4. The second heart
Once married, Manuel and Isabela’s love grew even stronger. Enjoying all the comfort of the royal court their lives were as calm and blissful as an endless summer day. From dawn till dusk the shiny marble halls and the hidden gardens of the palace echoed with music, cheers and laughter. But happiness is as short lived as an ant’s wings, and while the lovers praised their beautiful life to the delight of the king and all his subjects, a pair of cold, beautiful eyes, teeming with jealousy and yearning, was constantly spying them from the shadows.
Then, one day, it so happened that the princess wanted to go with her maids at the city’s market and buy new garments for herself, leaving Manuel alone in the palace. The restless youth waited for his lover’s return, but after many hours there was still no news from her. Fearing for her safety Manuel prepared to run and join her at the market when a servant came and asked the boy to follow him to the queen’s apartment.
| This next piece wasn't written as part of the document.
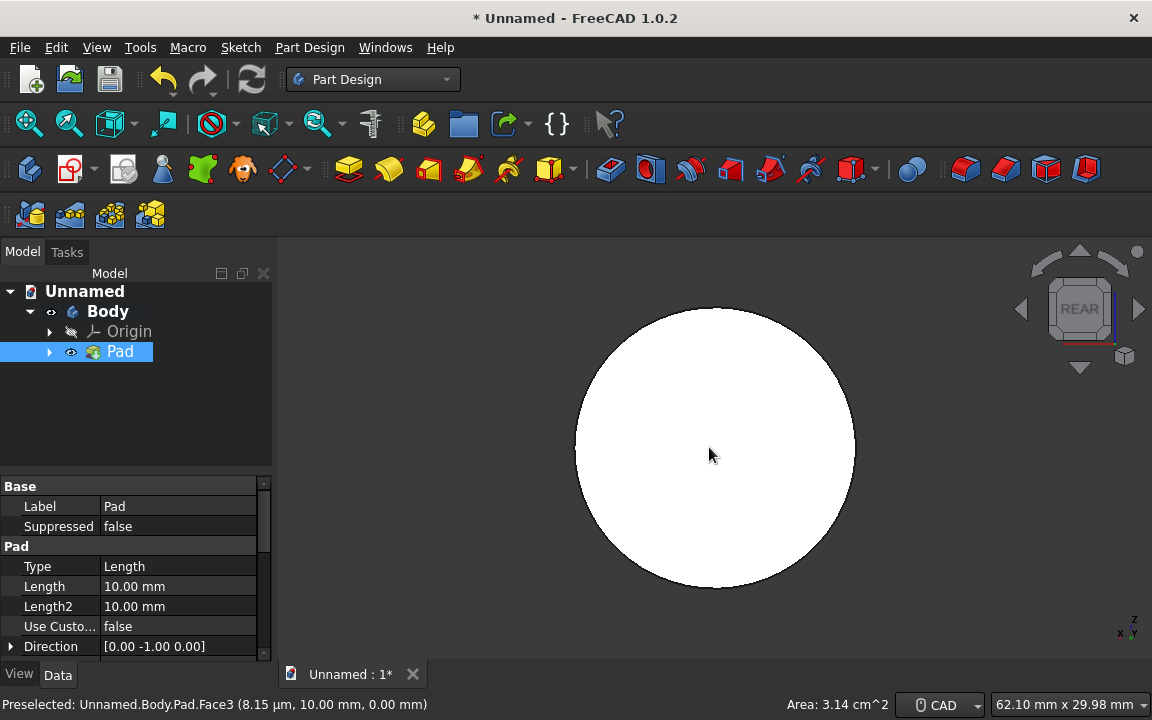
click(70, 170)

Once arrived, Manuel found himself in a place of unparalleled wealth and beauty. Drapes of transparent silk and shiny silver lamps came down from the ceiling surrounded by a dim red light. All over those obscure rooms were pale silhouettes of statues, of slim porphyry pillars and of priceless pieces of furniture. Dumbfounded, Manuel looked around. The servant was gone. An uneasy stillness engulfed the lonely youth. Suddenly, he heard a soft voice:
“There is no one here but you and me. I made sure that Isabella won’t be back till late in the evening. Don’t be afraid my beloved; we have all the time in the world.”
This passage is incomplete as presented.